The modulo trick alone:

long long MOD2 = MOD * MOD;
for(int i = 0; i < n; i++)
  for(int j = 0; j < n; j++) {
    long long tmp = 0;
    for(int k = 0; k < n; k++) {
      // Since A and B are taken modulo MOD, the product A[i][k] * B[k][j] is
      // not more than MOD * MOD.
      tmp += A[i][k] * 1ll * B[k][j];
      while(tmp >= MOD2) // Taking modulo MOD2 is easy, because we can do it by subtraction
       tmp -= MOD2;
      }
    result[i][j] = tmp % MOD; // One % operation per resulting element
  }

In general, solutions using matrix multiplication are very short. The longest code I’ve written was 201 lines, and it was really tedious problem.

Practice problems

There are many beautiful problems on HackerEarth, that benefit from matrix exponentiation. My first encounter with this technique started with the problem “Tiles” from December Clash.

Most problems here require a dynamic programming solution, which is later improved by fast exponentiation.

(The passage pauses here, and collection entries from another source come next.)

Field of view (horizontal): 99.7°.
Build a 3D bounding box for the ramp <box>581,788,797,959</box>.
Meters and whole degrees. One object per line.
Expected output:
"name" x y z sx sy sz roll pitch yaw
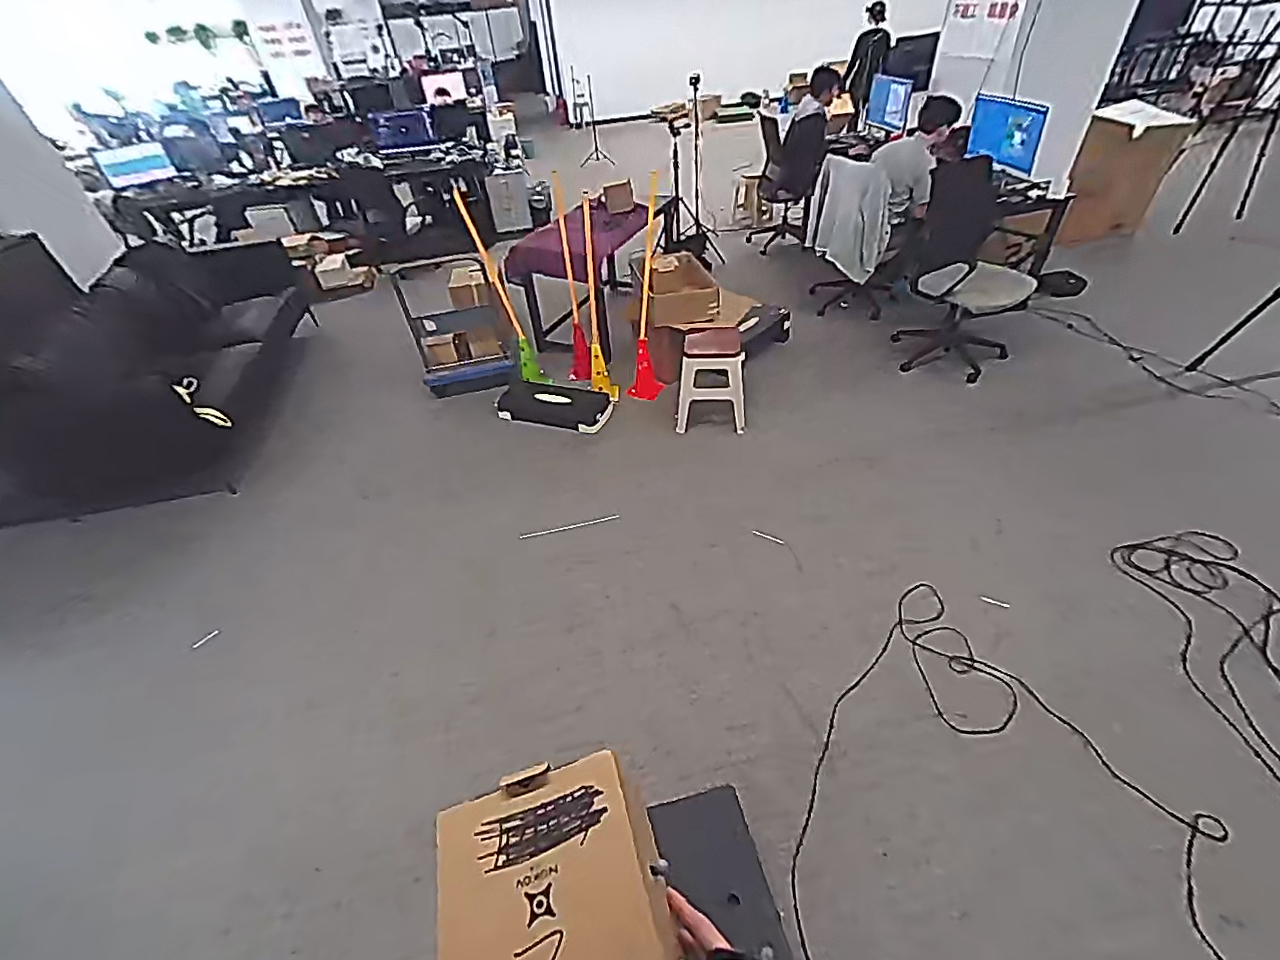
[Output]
"ramp" 0.152 1.233 1.201 0.509 0.206 0.991 -14 41 -6

PK and interesting language
Difficulty: easy
Comment: problem is explained in this article, so you should be able to implement it right away.
Tiles
Difficulty: medium-hard
Prerequisites: bitmask dynamic programming
Comment: surprisingly, this problem does not have tag “Matrix exponentiation”.
ABCD strings
Difficulty: medium-hard
Comment: harder version of “PK and interesting language”. Here you have to come up with the matrix yourself. Mine was of size 16.
Mehta and the difficult task, Mehta and the evil strings
Difficulty: medium
Prerequisites: basics of bitmasking
Comment: two similar problems from the same author. Once you solve either of them, the other one should be easy.
Long walks from office to home sweet home
Difficulty: easy-medium
Comment: somewhat similar to “PK and interesting language”.